=== Begin Enclosure ===

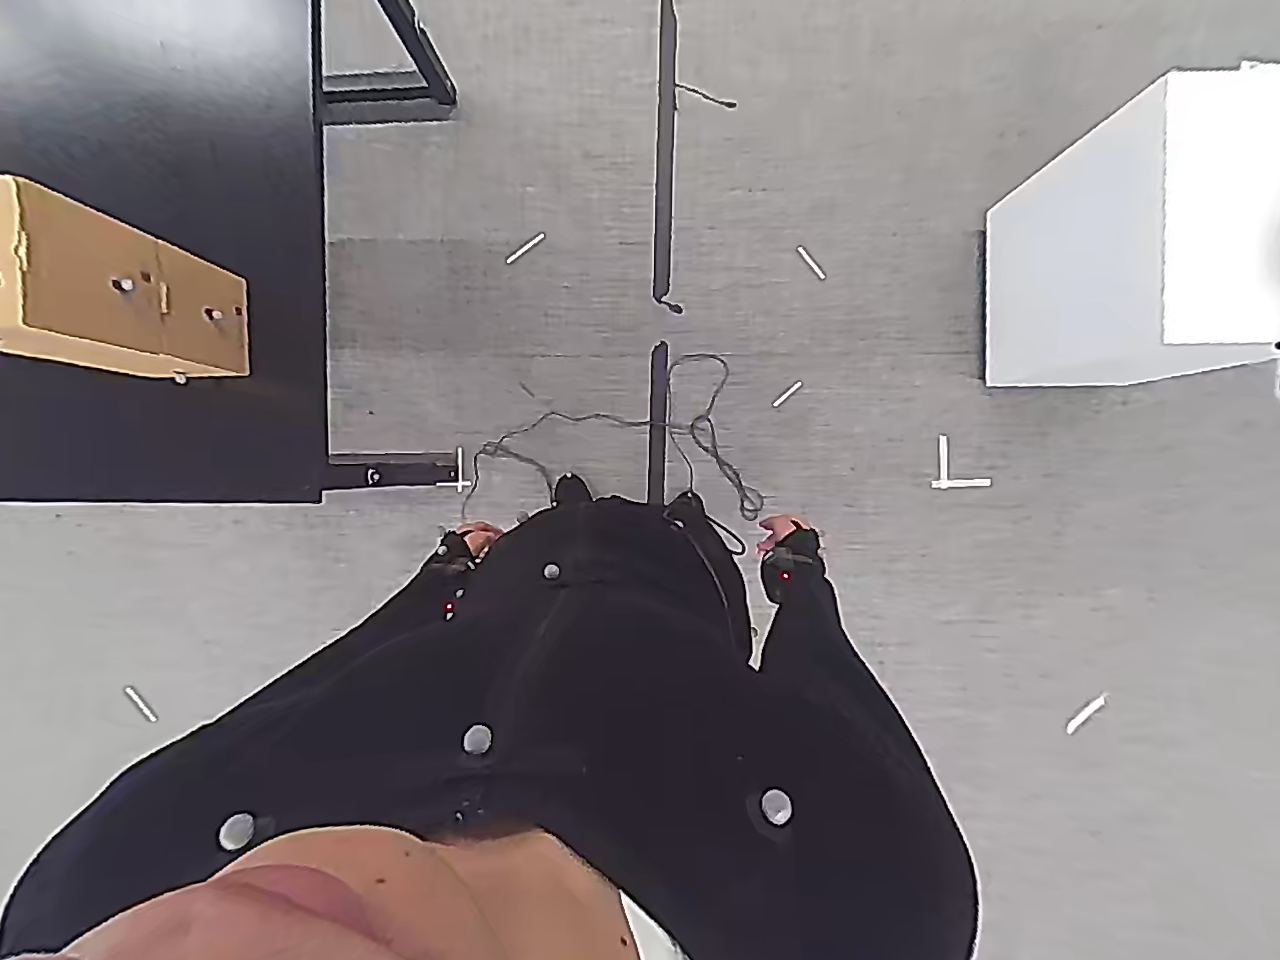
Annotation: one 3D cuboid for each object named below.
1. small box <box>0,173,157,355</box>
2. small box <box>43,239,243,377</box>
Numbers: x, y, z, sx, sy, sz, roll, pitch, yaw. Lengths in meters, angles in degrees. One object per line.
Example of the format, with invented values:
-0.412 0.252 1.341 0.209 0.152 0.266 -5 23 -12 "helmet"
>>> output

=== End Enclosure ===
=== Begin Enclosure ===

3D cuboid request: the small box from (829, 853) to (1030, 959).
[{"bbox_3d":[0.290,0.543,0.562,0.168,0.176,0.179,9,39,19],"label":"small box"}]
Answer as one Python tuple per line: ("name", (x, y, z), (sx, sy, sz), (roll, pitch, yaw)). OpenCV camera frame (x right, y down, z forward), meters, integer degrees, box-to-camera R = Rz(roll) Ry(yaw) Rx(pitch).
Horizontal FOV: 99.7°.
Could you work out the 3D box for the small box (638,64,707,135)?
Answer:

=== End Enclosure ===

● **What you are asked to do**: Extract from the data every line where "object" shows up.

● **Answer to this task**:
Annotation: one 3D cuboid for each object named below.
Numbers: x, y, z, sx, sy, sz, roll, pitch, yaw. Lengths in meters, angles in degrees. One object per line.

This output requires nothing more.